Similar experiences across CIÉ prompted the announcement of a €36 million Government bailout in July 2012 to cover the financial shortfall. However, several months later, the Minister for Transport unilaterally reversed this decision and withdrew funding until a series of further ‘reforms’ were made, i.e. more staff cuts, price hikes and the sale of assets.
CIÉ worker Board Member, Bill McCamley, wrote to the Irish Examiner challenging this move stating that “CIÉ has yet again been made a political football” by the Minister who “chose to ignore these matters and has decided to ‘home in’ on cost-cutting negotiations” with “the implication that CIÉ is responsible for its financial woes.”
It is clear that: firstly the Government intends to ‘streamline’ CIÉ and strip away ‘non-essential’ assets to make it more attractive for a future private takeover; and secondly, that by pursuing a policy of blaming losses on an ‘uncooperative’ public sector rather than on wider circumstances, it intends to erode the reputation of CIÉ to gain public support for privatisation.
Opening up public transport to ‘competitive’ tendering is being done at the behest of EU directives that promote ‘controlled competition’ as the best approach to provide urban public transport. ‘Controlled competition’ or franchising has become popular after experiences in London, and some other EU cities, where this type of ‘regulated’ privatisation appeared to produce positive benefits in comparison to completely open competition. This type of franchising is likely to take two forms in Dublin:
– Profitable routes will be franchised to private companies while the remnants of the current network will continue to be served by Dublin Bus under heavy subsidy.
– The entire network will be broken up into individual routes franchised between multiple private operators, each with varying levels of subsidy.
While arguments in favour of applying the London model to Dublin are often mentioned, there are several reasons for caution. Firstly, London has a much larger and denser population that creates a critical mass of passengers, making public transport much more profitable to operate. London also has a much more extensive public transport network that operates on a higher level of subsidy, attracting greater numbers of passengers. Without these elements, it is likely that replacement private companies would end up in exactly the same situation as Dublin Bus and require an even higher level of subsidy.
The fragmentation of the Dublin Bus network would also make any future public transport improvements harder to implement because of the complexity of dealing with multiple companies rather than one single operator.
In recent years, improvements to bus infrastructure have greatly improved the quality of service provided by Dublin Bus. If current problems are primarily the result of external factors, there seems to be little to be gained through privatisation that could not be achieved through better policies.
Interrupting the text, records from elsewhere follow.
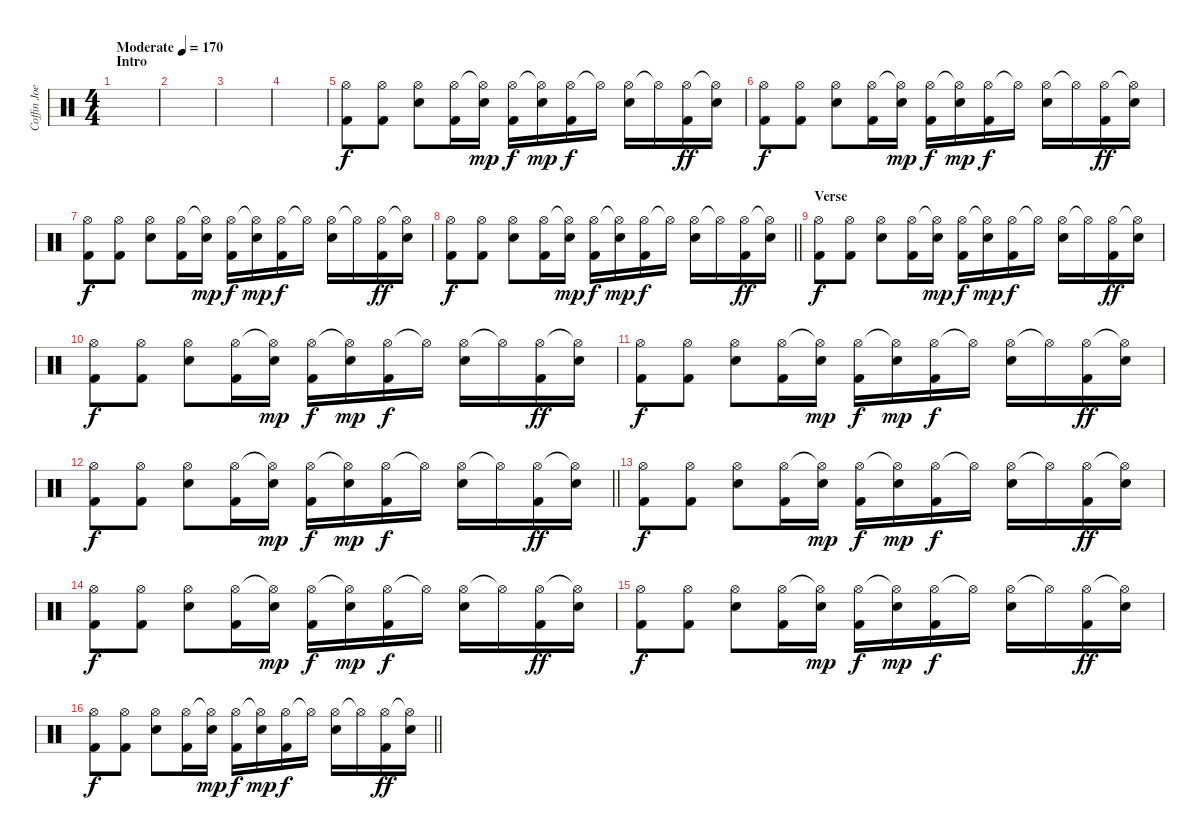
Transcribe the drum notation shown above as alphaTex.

\track ("Coffin Joe" "Coffin Joe") {instrument percussion}
\staff {score}
\articulation defaults
\ts (4 4)
\section ("" "Intro")
\tempo (170 "Moderate")
\clef neutral
\ks c
|
|
|
|
("Hi-Hat (open)" "Kick (hit) 2").8 ("Hi-Hat (open)" "Kick (hit) 2").8 ("Hi-Hat (open)" "Snare (hit) 2").8 ("Hi-Hat (open)" "Kick (hit) 2").16 ("Hi-Hat (open)"{t} "Snare (hit) 2").16{dy mp} ("Hi-Hat (open)" "Kick (hit) 2").16{dy f} ("Hi-Hat (open)"{t} "Snare (hit) 2").16{dy mp} ("Hi-Hat (open)" "Kick (hit) 2").16{dy f} "Hi-Hat (open)"{t}.16 ("Hi-Hat (open)" "Snare (hit) 2").16 "Hi-Hat (open)"{t}.16 ("Hi-Hat (open)" "Kick (hit) 2").16{dy ff} ("Hi-Hat (open)"{t} "Snare (hit) 2").16 |
("Hi-Hat (open)" "Kick (hit) 2").8{dy f} ("Hi-Hat (open)" "Kick (hit) 2").8 ("Hi-Hat (open)" "Snare (hit) 2").8 ("Hi-Hat (open)" "Kick (hit) 2").16 ("Hi-Hat (open)"{t} "Snare (hit) 2").16{dy mp} ("Hi-Hat (open)" "Kick (hit) 2").16{dy f} ("Hi-Hat (open)"{t} "Snare (hit) 2").16{dy mp} ("Hi-Hat (open)" "Kick (hit) 2").16{dy f} "Hi-Hat (open)"{t}.16 ("Hi-Hat (open)" "Snare (hit) 2").16 "Hi-Hat (open)"{t}.16 ("Hi-Hat (open)" "Kick (hit) 2").16{dy ff} ("Hi-Hat (open)"{t} "Snare (hit) 2").16 |
("Hi-Hat (open)" "Kick (hit) 2").8{dy f} ("Hi-Hat (open)" "Kick (hit) 2").8 ("Hi-Hat (open)" "Snare (hit) 2").8 ("Hi-Hat (open)" "Kick (hit) 2").16 ("Hi-Hat (open)"{t} "Snare (hit) 2").16{dy mp} ("Hi-Hat (open)" "Kick (hit) 2").16{dy f} ("Hi-Hat (open)"{t} "Snare (hit) 2").16{dy mp} ("Hi-Hat (open)" "Kick (hit) 2").16{dy f} "Hi-Hat (open)"{t}.16 ("Hi-Hat (open)" "Snare (hit) 2").16 "Hi-Hat (open)"{t}.16 ("Hi-Hat (open)" "Kick (hit) 2").16{dy ff} ("Hi-Hat (open)"{t} "Snare (hit) 2").16 |
\barLineRight lightlight
("Hi-Hat (open)" "Kick (hit) 2").8{dy f} ("Hi-Hat (open)" "Kick (hit) 2").8 ("Hi-Hat (open)" "Snare (hit) 2").8 ("Hi-Hat (open)" "Kick (hit) 2").16 ("Hi-Hat (open)"{t} "Snare (hit) 2").16{dy mp} ("Hi-Hat (open)" "Kick (hit) 2").16{dy f} ("Hi-Hat (open)"{t} "Snare (hit) 2").16{dy mp} ("Hi-Hat (open)" "Kick (hit) 2").16{dy f} "Hi-Hat (open)"{t}.16 ("Hi-Hat (open)" "Snare (hit) 2").16 "Hi-Hat (open)"{t}.16 ("Hi-Hat (open)" "Kick (hit) 2").16{dy ff} ("Hi-Hat (open)"{t} "Snare (hit) 2").16 |
\section ("" "Verse")
("Hi-Hat (open)" "Kick (hit) 2").8{dy f} ("Hi-Hat (open)" "Kick (hit) 2").8 ("Hi-Hat (open)" "Snare (hit) 2").8 ("Hi-Hat (open)" "Kick (hit) 2").16 ("Hi-Hat (open)"{t} "Snare (hit) 2").16{dy mp} ("Hi-Hat (open)" "Kick (hit) 2").16{dy f} ("Hi-Hat (open)"{t} "Snare (hit) 2").16{dy mp} ("Hi-Hat (open)" "Kick (hit) 2").16{dy f} "Hi-Hat (open)"{t}.16 ("Hi-Hat (open)" "Snare (hit) 2").16 "Hi-Hat (open)"{t}.16 ("Hi-Hat (open)" "Kick (hit) 2").16{dy ff} ("Hi-Hat (open)"{t} "Snare (hit) 2").16 |
("Hi-Hat (open)" "Kick (hit) 2").8{dy f} ("Hi-Hat (open)" "Kick (hit) 2").8 ("Hi-Hat (open)" "Snare (hit) 2").8 ("Hi-Hat (open)" "Kick (hit) 2").16 ("Hi-Hat (open)"{t} "Snare (hit) 2").16{dy mp} ("Hi-Hat (open)" "Kick (hit) 2").16{dy f} ("Hi-Hat (open)"{t} "Snare (hit) 2").16{dy mp} ("Hi-Hat (open)" "Kick (hit) 2").16{dy f} "Hi-Hat (open)"{t}.16 ("Hi-Hat (open)" "Snare (hit) 2").16 "Hi-Hat (open)"{t}.16 ("Hi-Hat (open)" "Kick (hit) 2").16{dy ff} ("Hi-Hat (open)"{t} "Snare (hit) 2").16 |
("Hi-Hat (open)" "Kick (hit) 2").8{dy f} ("Hi-Hat (open)" "Kick (hit) 2").8 ("Hi-Hat (open)" "Snare (hit) 2").8 ("Hi-Hat (open)" "Kick (hit) 2").16 ("Hi-Hat (open)"{t} "Snare (hit) 2").16{dy mp} ("Hi-Hat (open)" "Kick (hit) 2").16{dy f} ("Hi-Hat (open)"{t} "Snare (hit) 2").16{dy mp} ("Hi-Hat (open)" "Kick (hit) 2").16{dy f} "Hi-Hat (open)"{t}.16 ("Hi-Hat (open)" "Snare (hit) 2").16 "Hi-Hat (open)"{t}.16 ("Hi-Hat (open)" "Kick (hit) 2").16{dy ff} ("Hi-Hat (open)"{t} "Snare (hit) 2").16 |
\barLineRight lightlight
("Hi-Hat (open)" "Kick (hit) 2").8{dy f} ("Hi-Hat (open)" "Kick (hit) 2").8 ("Hi-Hat (open)" "Snare (hit) 2").8 ("Hi-Hat (open)" "Kick (hit) 2").16 ("Hi-Hat (open)"{t} "Snare (hit) 2").16{dy mp} ("Hi-Hat (open)" "Kick (hit) 2").16{dy f} ("Hi-Hat (open)"{t} "Snare (hit) 2").16{dy mp} ("Hi-Hat (open)" "Kick (hit) 2").16{dy f} "Hi-Hat (open)"{t}.16 ("Hi-Hat (open)" "Snare (hit) 2").16 "Hi-Hat (open)"{t}.16 ("Hi-Hat (open)" "Kick (hit) 2").16{dy ff} ("Hi-Hat (open)"{t} "Snare (hit) 2").16 |
("Hi-Hat (open)" "Kick (hit) 2").8{dy f} ("Hi-Hat (open)" "Kick (hit) 2").8 ("Hi-Hat (open)" "Snare (hit) 2").8 ("Hi-Hat (open)" "Kick (hit) 2").16 ("Hi-Hat (open)"{t} "Snare (hit) 2").16{dy mp} ("Hi-Hat (open)" "Kick (hit) 2").16{dy f} ("Hi-Hat (open)"{t} "Snare (hit) 2").16{dy mp} ("Hi-Hat (open)" "Kick (hit) 2").16{dy f} "Hi-Hat (open)"{t}.16 ("Hi-Hat (open)" "Snare (hit) 2").16 "Hi-Hat (open)"{t}.16 ("Hi-Hat (open)" "Kick (hit) 2").16{dy ff} ("Hi-Hat (open)"{t} "Snare (hit) 2").16 |
("Hi-Hat (open)" "Kick (hit) 2").8{dy f} ("Hi-Hat (open)" "Kick (hit) 2").8 ("Hi-Hat (open)" "Snare (hit) 2").8 ("Hi-Hat (open)" "Kick (hit) 2").16 ("Hi-Hat (open)"{t} "Snare (hit) 2").16{dy mp} ("Hi-Hat (open)" "Kick (hit) 2").16{dy f} ("Hi-Hat (open)"{t} "Snare (hit) 2").16{dy mp} ("Hi-Hat (open)" "Kick (hit) 2").16{dy f} "Hi-Hat (open)"{t}.16 ("Hi-Hat (open)" "Snare (hit) 2").16 "Hi-Hat (open)"{t}.16 ("Hi-Hat (open)" "Kick (hit) 2").16{dy ff} ("Hi-Hat (open)"{t} "Snare (hit) 2").16 |
("Hi-Hat (open)" "Kick (hit) 2").8{dy f} ("Hi-Hat (open)" "Kick (hit) 2").8 ("Hi-Hat (open)" "Snare (hit) 2").8 ("Hi-Hat (open)" "Kick (hit) 2").16 ("Hi-Hat (open)"{t} "Snare (hit) 2").16{dy mp} ("Hi-Hat (open)" "Kick (hit) 2").16{dy f} ("Hi-Hat (open)"{t} "Snare (hit) 2").16{dy mp} ("Hi-Hat (open)" "Kick (hit) 2").16{dy f} "Hi-Hat (open)"{t}.16 ("Hi-Hat (open)" "Snare (hit) 2").16 "Hi-Hat (open)"{t}.16 ("Hi-Hat (open)" "Kick (hit) 2").16{dy ff} ("Hi-Hat (open)"{t} "Snare (hit) 2").16 |
\barLineRight lightlight
("Hi-Hat (open)" "Kick (hit) 2").8{dy f} ("Hi-Hat (open)" "Kick (hit) 2").8 ("Hi-Hat (open)" "Snare (hit) 2").8 ("Hi-Hat (open)" "Kick (hit) 2").16 ("Hi-Hat (open)"{t} "Snare (hit) 2").16{dy mp} ("Hi-Hat (open)" "Kick (hit) 2").16{dy f} ("Hi-Hat (open)"{t} "Snare (hit) 2").16{dy mp} ("Hi-Hat (open)" "Kick (hit) 2").16{dy f} "Hi-Hat (open)"{t}.16 ("Hi-Hat (open)" "Snare (hit) 2").16 "Hi-Hat (open)"{t}.16 ("Hi-Hat (open)" "Kick (hit) 2").16{dy ff} ("Hi-Hat (open)"{t} "Snare (hit) 2").16

It is also important to recognise that public transport plays a vital social role in providing working class areas with access to jobs and services. Any further decline in public transport provision through cuts, fare increases or privatisation will hit these communities the hardest.
Therefore it is vital that privatisation is resisted through well-informed, effective campaigning by CIÉ workers and those sections of the population opposed to the commodification of public transport. If these areas of support are galvanised into a strong anti-privatisation movement, then through the combination of public protest, trade union agitation and effective arguments, the Government’s privatisation agenda could be successfully challenged.